Получение данных фибробластов NIH/3T3 путем выборочного вычитания необработанных 264,7 клеточных пикселей, полученных с использованием стандартных методов порогового значения и количественной оценки на основе площади, описанных ранее. Проведен анализ нелульбусных сырых 264,7 макрофагов и записаны алгоритмические выходы. Расчет средней площади изображения с помощью алгоритма насчитал 226 клеток, в то время как ручной подсчет выявил 241 ячейку с приблизительным значением погрешности 6% Также был проведен анализ бульбуса необработанных 264,7 макрофагов.
При расчете средней площади изображения с помощью алгоритма насчитали 221 клетку, проверенную ручным подсчетом 252 клеток с приблизительным значением погрешности 12% Проведен анализ кокультур, содержащих как необработанные макрофаги 264,7, так и фибробласты NIH/3T3. Выходы алгоритма для необработанного количества макрофагов 264,7 составили 137, в то время как ручной подсчет выявил 155 клеток с приблизительным значением ошибки 11% Чтобы определить надежность алгоритма подсчета клеток, пять необработанных изображений макрофагов 264,7 были подсчитаны с помощью автоматической идентификации клеток и ручного подсчета пользователей. Коэффициент Dice был получен со средним параметром 0,85 на пяти изображениях.

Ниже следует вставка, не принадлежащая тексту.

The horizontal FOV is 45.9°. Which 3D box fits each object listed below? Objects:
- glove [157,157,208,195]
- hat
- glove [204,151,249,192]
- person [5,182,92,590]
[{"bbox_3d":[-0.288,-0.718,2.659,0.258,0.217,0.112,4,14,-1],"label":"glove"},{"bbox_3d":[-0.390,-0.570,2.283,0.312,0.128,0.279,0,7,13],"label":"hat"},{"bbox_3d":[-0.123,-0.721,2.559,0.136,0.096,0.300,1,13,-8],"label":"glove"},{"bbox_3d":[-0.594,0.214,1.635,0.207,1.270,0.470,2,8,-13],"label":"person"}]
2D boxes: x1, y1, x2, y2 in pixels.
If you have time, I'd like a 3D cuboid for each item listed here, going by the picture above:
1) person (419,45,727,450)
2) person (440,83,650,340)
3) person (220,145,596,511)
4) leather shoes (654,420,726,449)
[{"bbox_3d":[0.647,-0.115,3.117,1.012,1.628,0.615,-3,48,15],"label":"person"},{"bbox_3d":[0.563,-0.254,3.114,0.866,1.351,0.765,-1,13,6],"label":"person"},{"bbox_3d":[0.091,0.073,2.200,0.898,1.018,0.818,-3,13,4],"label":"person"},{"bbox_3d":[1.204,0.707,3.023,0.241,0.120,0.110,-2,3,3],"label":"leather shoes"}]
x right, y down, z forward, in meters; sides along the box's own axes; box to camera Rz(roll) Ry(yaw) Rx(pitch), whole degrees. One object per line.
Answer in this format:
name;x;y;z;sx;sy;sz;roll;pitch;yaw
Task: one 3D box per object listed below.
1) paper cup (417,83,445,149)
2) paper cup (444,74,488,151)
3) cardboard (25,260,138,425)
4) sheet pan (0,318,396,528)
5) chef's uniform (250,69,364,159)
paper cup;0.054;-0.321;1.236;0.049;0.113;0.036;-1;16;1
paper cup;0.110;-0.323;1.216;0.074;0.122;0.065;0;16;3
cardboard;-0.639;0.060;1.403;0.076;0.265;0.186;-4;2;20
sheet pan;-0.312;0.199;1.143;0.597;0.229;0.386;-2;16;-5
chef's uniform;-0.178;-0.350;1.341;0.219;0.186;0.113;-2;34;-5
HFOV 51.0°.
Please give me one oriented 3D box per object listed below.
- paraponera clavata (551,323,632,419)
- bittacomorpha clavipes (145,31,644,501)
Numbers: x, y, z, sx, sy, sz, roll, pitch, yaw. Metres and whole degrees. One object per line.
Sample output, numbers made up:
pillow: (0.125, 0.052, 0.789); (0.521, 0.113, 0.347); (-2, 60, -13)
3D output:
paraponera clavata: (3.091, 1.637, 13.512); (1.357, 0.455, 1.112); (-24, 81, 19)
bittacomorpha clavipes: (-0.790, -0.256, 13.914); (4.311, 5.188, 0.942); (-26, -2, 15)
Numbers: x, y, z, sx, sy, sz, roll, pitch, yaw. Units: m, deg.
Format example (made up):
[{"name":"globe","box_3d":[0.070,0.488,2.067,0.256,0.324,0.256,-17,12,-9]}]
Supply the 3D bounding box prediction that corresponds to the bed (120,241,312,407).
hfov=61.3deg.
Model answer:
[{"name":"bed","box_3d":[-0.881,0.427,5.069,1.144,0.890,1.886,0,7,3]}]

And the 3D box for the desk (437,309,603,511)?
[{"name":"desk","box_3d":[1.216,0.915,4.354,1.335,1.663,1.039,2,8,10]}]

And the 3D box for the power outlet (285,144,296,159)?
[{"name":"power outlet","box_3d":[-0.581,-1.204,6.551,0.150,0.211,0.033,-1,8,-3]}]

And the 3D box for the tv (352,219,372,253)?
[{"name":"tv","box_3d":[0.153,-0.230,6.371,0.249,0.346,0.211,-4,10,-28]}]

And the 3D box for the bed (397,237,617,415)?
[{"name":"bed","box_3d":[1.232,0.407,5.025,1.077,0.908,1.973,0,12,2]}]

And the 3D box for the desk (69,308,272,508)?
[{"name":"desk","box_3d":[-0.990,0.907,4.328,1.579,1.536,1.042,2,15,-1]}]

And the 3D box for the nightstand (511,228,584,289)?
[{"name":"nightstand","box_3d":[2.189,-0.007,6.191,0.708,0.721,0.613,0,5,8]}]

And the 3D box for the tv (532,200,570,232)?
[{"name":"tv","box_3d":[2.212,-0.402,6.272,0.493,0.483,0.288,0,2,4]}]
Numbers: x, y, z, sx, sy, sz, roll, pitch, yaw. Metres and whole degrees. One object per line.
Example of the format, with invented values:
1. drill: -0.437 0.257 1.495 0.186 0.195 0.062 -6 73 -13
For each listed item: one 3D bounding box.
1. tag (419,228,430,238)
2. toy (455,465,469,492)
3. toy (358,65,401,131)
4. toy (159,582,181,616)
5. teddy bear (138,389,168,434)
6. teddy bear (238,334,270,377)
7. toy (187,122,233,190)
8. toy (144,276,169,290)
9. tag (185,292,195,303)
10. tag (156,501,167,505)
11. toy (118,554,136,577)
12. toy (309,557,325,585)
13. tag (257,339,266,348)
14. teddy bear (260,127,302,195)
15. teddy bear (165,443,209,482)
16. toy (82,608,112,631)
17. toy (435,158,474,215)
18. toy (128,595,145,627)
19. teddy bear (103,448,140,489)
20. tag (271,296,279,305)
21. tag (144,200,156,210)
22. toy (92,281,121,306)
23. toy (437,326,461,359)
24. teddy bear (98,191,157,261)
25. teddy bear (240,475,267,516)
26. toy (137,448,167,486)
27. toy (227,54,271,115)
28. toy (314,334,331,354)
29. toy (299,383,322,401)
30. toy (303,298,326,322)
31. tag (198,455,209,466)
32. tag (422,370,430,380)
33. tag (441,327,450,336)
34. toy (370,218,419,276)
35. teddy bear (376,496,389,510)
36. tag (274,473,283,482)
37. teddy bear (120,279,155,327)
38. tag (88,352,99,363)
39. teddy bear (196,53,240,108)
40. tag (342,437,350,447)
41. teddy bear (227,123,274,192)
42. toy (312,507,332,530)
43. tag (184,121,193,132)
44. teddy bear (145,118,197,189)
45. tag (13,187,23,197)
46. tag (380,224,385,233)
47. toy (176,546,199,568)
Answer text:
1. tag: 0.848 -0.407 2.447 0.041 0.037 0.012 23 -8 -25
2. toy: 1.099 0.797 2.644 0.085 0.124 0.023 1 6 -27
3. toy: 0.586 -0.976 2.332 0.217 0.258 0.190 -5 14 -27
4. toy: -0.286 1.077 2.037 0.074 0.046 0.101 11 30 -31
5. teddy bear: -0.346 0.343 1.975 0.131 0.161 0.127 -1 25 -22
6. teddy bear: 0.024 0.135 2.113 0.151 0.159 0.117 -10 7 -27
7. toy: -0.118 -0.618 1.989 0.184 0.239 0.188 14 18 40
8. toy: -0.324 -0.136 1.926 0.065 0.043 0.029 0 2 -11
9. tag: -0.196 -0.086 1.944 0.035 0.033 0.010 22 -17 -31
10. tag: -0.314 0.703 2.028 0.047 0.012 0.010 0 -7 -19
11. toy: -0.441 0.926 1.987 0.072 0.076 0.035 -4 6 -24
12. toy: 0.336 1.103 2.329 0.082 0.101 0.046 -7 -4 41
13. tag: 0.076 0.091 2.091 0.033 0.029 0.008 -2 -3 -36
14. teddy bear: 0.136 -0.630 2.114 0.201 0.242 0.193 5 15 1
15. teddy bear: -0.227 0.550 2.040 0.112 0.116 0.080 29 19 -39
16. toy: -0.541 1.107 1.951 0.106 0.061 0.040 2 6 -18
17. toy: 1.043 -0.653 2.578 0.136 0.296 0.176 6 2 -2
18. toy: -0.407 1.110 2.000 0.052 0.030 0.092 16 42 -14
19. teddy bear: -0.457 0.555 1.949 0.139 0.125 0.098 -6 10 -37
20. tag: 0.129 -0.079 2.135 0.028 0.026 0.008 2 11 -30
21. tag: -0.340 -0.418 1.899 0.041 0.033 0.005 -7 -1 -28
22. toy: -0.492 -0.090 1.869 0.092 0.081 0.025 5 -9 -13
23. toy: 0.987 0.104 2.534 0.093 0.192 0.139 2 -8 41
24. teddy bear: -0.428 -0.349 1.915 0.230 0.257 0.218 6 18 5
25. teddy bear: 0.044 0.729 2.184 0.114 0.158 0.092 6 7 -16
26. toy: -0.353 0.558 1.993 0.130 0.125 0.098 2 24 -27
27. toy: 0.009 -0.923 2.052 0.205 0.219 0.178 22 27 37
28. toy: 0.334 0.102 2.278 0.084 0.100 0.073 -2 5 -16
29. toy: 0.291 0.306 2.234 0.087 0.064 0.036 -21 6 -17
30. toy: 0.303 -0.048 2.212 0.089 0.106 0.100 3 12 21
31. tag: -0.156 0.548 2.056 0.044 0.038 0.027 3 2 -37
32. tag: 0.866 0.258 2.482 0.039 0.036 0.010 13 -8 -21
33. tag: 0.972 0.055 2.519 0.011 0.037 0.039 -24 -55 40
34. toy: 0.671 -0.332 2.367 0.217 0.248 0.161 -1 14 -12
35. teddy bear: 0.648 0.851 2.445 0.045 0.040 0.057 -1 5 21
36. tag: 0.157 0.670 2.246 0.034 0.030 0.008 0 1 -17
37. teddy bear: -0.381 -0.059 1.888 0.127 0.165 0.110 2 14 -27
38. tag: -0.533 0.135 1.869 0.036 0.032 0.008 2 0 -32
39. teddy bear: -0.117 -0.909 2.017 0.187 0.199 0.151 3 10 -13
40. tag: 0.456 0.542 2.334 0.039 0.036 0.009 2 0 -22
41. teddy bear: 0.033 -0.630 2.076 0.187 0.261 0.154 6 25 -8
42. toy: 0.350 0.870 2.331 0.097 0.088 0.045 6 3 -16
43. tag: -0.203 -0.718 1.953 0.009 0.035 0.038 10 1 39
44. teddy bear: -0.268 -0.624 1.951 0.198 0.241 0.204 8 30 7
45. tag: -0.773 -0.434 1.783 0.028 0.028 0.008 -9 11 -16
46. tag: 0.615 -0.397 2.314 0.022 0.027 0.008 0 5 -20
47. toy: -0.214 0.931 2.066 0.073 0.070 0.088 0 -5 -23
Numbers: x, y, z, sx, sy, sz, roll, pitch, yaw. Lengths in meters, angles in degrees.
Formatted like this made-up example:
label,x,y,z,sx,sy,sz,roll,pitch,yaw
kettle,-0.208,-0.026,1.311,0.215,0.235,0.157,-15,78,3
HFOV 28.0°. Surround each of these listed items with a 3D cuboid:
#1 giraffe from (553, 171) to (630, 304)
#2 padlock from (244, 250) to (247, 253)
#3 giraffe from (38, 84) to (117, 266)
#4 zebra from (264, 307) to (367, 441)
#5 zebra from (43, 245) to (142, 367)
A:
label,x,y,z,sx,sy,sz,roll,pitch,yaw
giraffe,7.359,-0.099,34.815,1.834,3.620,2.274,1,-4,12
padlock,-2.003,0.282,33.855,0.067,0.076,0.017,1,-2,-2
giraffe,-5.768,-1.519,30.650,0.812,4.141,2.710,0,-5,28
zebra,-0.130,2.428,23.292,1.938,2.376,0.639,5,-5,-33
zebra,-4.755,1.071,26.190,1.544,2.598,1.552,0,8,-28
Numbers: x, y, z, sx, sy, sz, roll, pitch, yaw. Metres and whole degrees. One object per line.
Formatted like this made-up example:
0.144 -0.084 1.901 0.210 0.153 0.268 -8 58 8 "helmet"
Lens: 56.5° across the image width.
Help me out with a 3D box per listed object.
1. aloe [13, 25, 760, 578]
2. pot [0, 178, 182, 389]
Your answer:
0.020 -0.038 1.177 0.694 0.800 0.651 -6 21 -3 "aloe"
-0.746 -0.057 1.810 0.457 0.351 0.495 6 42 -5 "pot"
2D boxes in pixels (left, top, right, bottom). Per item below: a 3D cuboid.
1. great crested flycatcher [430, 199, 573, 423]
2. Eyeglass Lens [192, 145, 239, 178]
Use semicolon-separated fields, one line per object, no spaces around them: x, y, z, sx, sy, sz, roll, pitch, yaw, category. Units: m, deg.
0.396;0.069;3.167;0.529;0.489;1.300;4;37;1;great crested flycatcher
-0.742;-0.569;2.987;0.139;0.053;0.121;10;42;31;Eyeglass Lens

Критическим шагом в этом протоколе является использование параметров на основе процентилей, которые позволяют надежно обнаруживать клетки как в монокультурных, так и в кокультурных изображениях. Этот протокол может быть использован для идентификации клеток, представляющих интерес для дальнейшего анализа с использованием методов молекулярной биологии для оценки биомаркеров, которые определяют конкретные клеточные популяции и развитие биомаркеров в системах кокультур.